**Exercise:** Leave out the pictures and copy each record below exactly.

**Task data:**
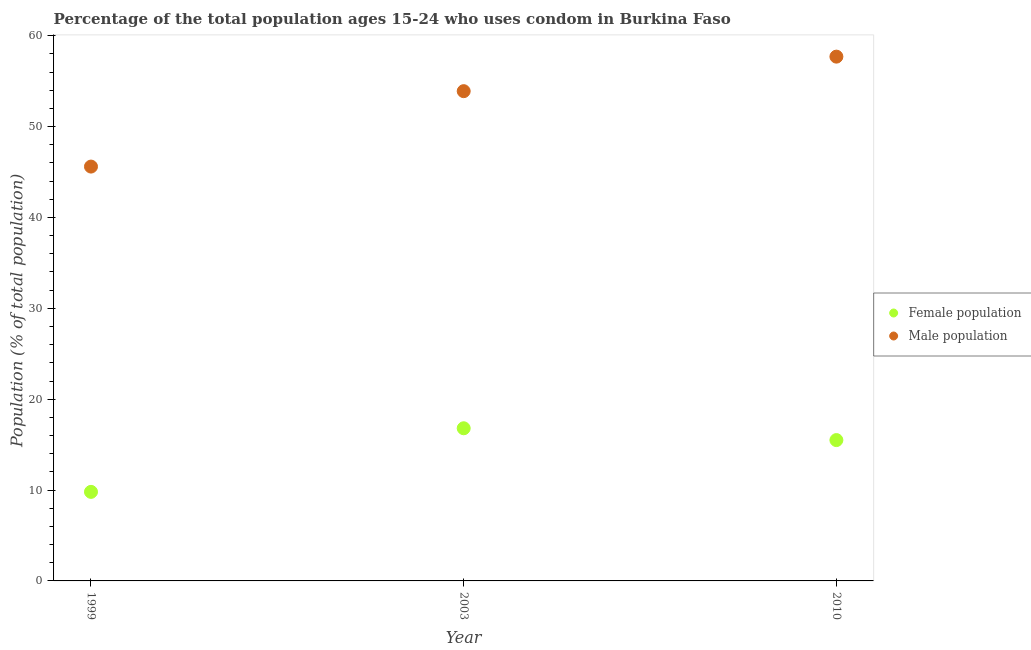How many different coloured dotlines are there?
Make the answer very short. 2. Is the number of dotlines equal to the number of legend labels?
Your response must be concise. Yes. What is the male population in 2003?
Offer a very short reply. 53.9. Across all years, what is the maximum male population?
Ensure brevity in your answer.  57.7. Across all years, what is the minimum male population?
Provide a short and direct response. 45.6. What is the total female population in the graph?
Provide a succinct answer. 42.1. What is the difference between the female population in 1999 and that in 2010?
Offer a terse response. -5.7. What is the difference between the female population in 2010 and the male population in 1999?
Offer a very short reply. -30.1. What is the average female population per year?
Keep it short and to the point. 14.03. In the year 2010, what is the difference between the male population and female population?
Offer a very short reply. 42.2. What is the ratio of the female population in 1999 to that in 2003?
Give a very brief answer. 0.58. Is the female population in 2003 less than that in 2010?
Ensure brevity in your answer.  No. Is the difference between the female population in 1999 and 2003 greater than the difference between the male population in 1999 and 2003?
Offer a very short reply. Yes. What is the difference between the highest and the second highest female population?
Provide a short and direct response. 1.3. Is the sum of the male population in 2003 and 2010 greater than the maximum female population across all years?
Provide a short and direct response. Yes. Is the female population strictly less than the male population over the years?
Provide a succinct answer. Yes. How many dotlines are there?
Give a very brief answer. 2. How many years are there in the graph?
Provide a succinct answer. 3. What is the difference between two consecutive major ticks on the Y-axis?
Offer a very short reply. 10. Are the values on the major ticks of Y-axis written in scientific E-notation?
Your response must be concise. No. Does the graph contain any zero values?
Give a very brief answer. No. Where does the legend appear in the graph?
Ensure brevity in your answer.  Center right. What is the title of the graph?
Make the answer very short. Percentage of the total population ages 15-24 who uses condom in Burkina Faso. What is the label or title of the Y-axis?
Provide a succinct answer. Population (% of total population) . What is the Population (% of total population)  in Female population in 1999?
Offer a terse response. 9.8. What is the Population (% of total population)  in Male population in 1999?
Your answer should be very brief. 45.6. What is the Population (% of total population)  of Female population in 2003?
Your answer should be very brief. 16.8. What is the Population (% of total population)  of Male population in 2003?
Your response must be concise. 53.9. What is the Population (% of total population)  of Male population in 2010?
Your response must be concise. 57.7. Across all years, what is the maximum Population (% of total population)  in Male population?
Provide a short and direct response. 57.7. Across all years, what is the minimum Population (% of total population)  in Female population?
Give a very brief answer. 9.8. Across all years, what is the minimum Population (% of total population)  of Male population?
Ensure brevity in your answer.  45.6. What is the total Population (% of total population)  of Female population in the graph?
Provide a short and direct response. 42.1. What is the total Population (% of total population)  of Male population in the graph?
Your response must be concise. 157.2. What is the difference between the Population (% of total population)  of Male population in 1999 and that in 2003?
Offer a terse response. -8.3. What is the difference between the Population (% of total population)  in Male population in 1999 and that in 2010?
Offer a terse response. -12.1. What is the difference between the Population (% of total population)  in Male population in 2003 and that in 2010?
Your answer should be very brief. -3.8. What is the difference between the Population (% of total population)  of Female population in 1999 and the Population (% of total population)  of Male population in 2003?
Offer a very short reply. -44.1. What is the difference between the Population (% of total population)  of Female population in 1999 and the Population (% of total population)  of Male population in 2010?
Your response must be concise. -47.9. What is the difference between the Population (% of total population)  in Female population in 2003 and the Population (% of total population)  in Male population in 2010?
Offer a very short reply. -40.9. What is the average Population (% of total population)  of Female population per year?
Your answer should be very brief. 14.03. What is the average Population (% of total population)  in Male population per year?
Your answer should be compact. 52.4. In the year 1999, what is the difference between the Population (% of total population)  of Female population and Population (% of total population)  of Male population?
Keep it short and to the point. -35.8. In the year 2003, what is the difference between the Population (% of total population)  in Female population and Population (% of total population)  in Male population?
Ensure brevity in your answer.  -37.1. In the year 2010, what is the difference between the Population (% of total population)  of Female population and Population (% of total population)  of Male population?
Provide a succinct answer. -42.2. What is the ratio of the Population (% of total population)  in Female population in 1999 to that in 2003?
Give a very brief answer. 0.58. What is the ratio of the Population (% of total population)  in Male population in 1999 to that in 2003?
Keep it short and to the point. 0.85. What is the ratio of the Population (% of total population)  of Female population in 1999 to that in 2010?
Your response must be concise. 0.63. What is the ratio of the Population (% of total population)  in Male population in 1999 to that in 2010?
Keep it short and to the point. 0.79. What is the ratio of the Population (% of total population)  of Female population in 2003 to that in 2010?
Make the answer very short. 1.08. What is the ratio of the Population (% of total population)  in Male population in 2003 to that in 2010?
Give a very brief answer. 0.93. What is the difference between the highest and the second highest Population (% of total population)  of Male population?
Provide a short and direct response. 3.8.

**Completed exercise:**
How many different coloured dotlines are there?
Make the answer very short. 2. Is the number of dotlines equal to the number of legend labels?
Your response must be concise. Yes. What is the male population in 2003?
Offer a very short reply. 53.9. Across all years, what is the maximum male population?
Ensure brevity in your answer.  57.7. Across all years, what is the minimum male population?
Provide a short and direct response. 45.6. What is the total female population in the graph?
Provide a succinct answer. 42.1. What is the difference between the female population in 1999 and that in 2010?
Offer a terse response. -5.7. What is the difference between the female population in 2010 and the male population in 1999?
Offer a very short reply. -30.1. What is the average female population per year?
Keep it short and to the point. 14.03. In the year 2010, what is the difference between the male population and female population?
Offer a very short reply. 42.2. What is the ratio of the female population in 1999 to that in 2003?
Give a very brief answer. 0.58. Is the female population in 2003 less than that in 2010?
Ensure brevity in your answer.  No. Is the difference between the female population in 1999 and 2003 greater than the difference between the male population in 1999 and 2003?
Offer a very short reply. Yes. What is the difference between the highest and the second highest female population?
Provide a short and direct response. 1.3. Is the sum of the male population in 2003 and 2010 greater than the maximum female population across all years?
Provide a short and direct response. Yes. Is the female population strictly less than the male population over the years?
Provide a succinct answer. Yes. How many dotlines are there?
Give a very brief answer. 2. How many years are there in the graph?
Provide a succinct answer. 3. What is the difference between two consecutive major ticks on the Y-axis?
Offer a very short reply. 10. Are the values on the major ticks of Y-axis written in scientific E-notation?
Your response must be concise. No. Does the graph contain any zero values?
Give a very brief answer. No. Where does the legend appear in the graph?
Ensure brevity in your answer.  Center right. What is the title of the graph?
Make the answer very short. Percentage of the total population ages 15-24 who uses condom in Burkina Faso. What is the label or title of the Y-axis?
Provide a succinct answer. Population (% of total population) . What is the Population (% of total population)  in Female population in 1999?
Offer a terse response. 9.8. What is the Population (% of total population)  in Male population in 1999?
Your answer should be very brief. 45.6. What is the Population (% of total population)  of Female population in 2003?
Your answer should be very brief. 16.8. What is the Population (% of total population)  of Male population in 2003?
Your response must be concise. 53.9. What is the Population (% of total population)  of Male population in 2010?
Your response must be concise. 57.7. Across all years, what is the maximum Population (% of total population)  in Male population?
Provide a short and direct response. 57.7. Across all years, what is the minimum Population (% of total population)  in Female population?
Give a very brief answer. 9.8. Across all years, what is the minimum Population (% of total population)  of Male population?
Ensure brevity in your answer.  45.6. What is the total Population (% of total population)  of Female population in the graph?
Provide a short and direct response. 42.1. What is the total Population (% of total population)  of Male population in the graph?
Your response must be concise. 157.2. What is the difference between the Population (% of total population)  of Male population in 1999 and that in 2003?
Offer a terse response. -8.3. What is the difference between the Population (% of total population)  in Male population in 1999 and that in 2010?
Offer a terse response. -12.1. What is the difference between the Population (% of total population)  in Male population in 2003 and that in 2010?
Your answer should be very brief. -3.8. What is the difference between the Population (% of total population)  of Female population in 1999 and the Population (% of total population)  of Male population in 2003?
Offer a very short reply. -44.1. What is the difference between the Population (% of total population)  of Female population in 1999 and the Population (% of total population)  of Male population in 2010?
Your response must be concise. -47.9. What is the difference between the Population (% of total population)  in Female population in 2003 and the Population (% of total population)  in Male population in 2010?
Offer a very short reply. -40.9. What is the average Population (% of total population)  of Female population per year?
Your answer should be very brief. 14.03. What is the average Population (% of total population)  in Male population per year?
Your answer should be compact. 52.4. In the year 1999, what is the difference between the Population (% of total population)  of Female population and Population (% of total population)  of Male population?
Keep it short and to the point. -35.8. In the year 2003, what is the difference between the Population (% of total population)  in Female population and Population (% of total population)  in Male population?
Ensure brevity in your answer.  -37.1. In the year 2010, what is the difference between the Population (% of total population)  of Female population and Population (% of total population)  of Male population?
Provide a succinct answer. -42.2. What is the ratio of the Population (% of total population)  in Female population in 1999 to that in 2003?
Give a very brief answer. 0.58. What is the ratio of the Population (% of total population)  in Male population in 1999 to that in 2003?
Keep it short and to the point. 0.85. What is the ratio of the Population (% of total population)  of Female population in 1999 to that in 2010?
Your response must be concise. 0.63. What is the ratio of the Population (% of total population)  in Male population in 1999 to that in 2010?
Keep it short and to the point. 0.79. What is the ratio of the Population (% of total population)  of Female population in 2003 to that in 2010?
Make the answer very short. 1.08. What is the ratio of the Population (% of total population)  in Male population in 2003 to that in 2010?
Give a very brief answer. 0.93. What is the difference between the highest and the second highest Population (% of total population)  of Male population?
Provide a short and direct response. 3.8.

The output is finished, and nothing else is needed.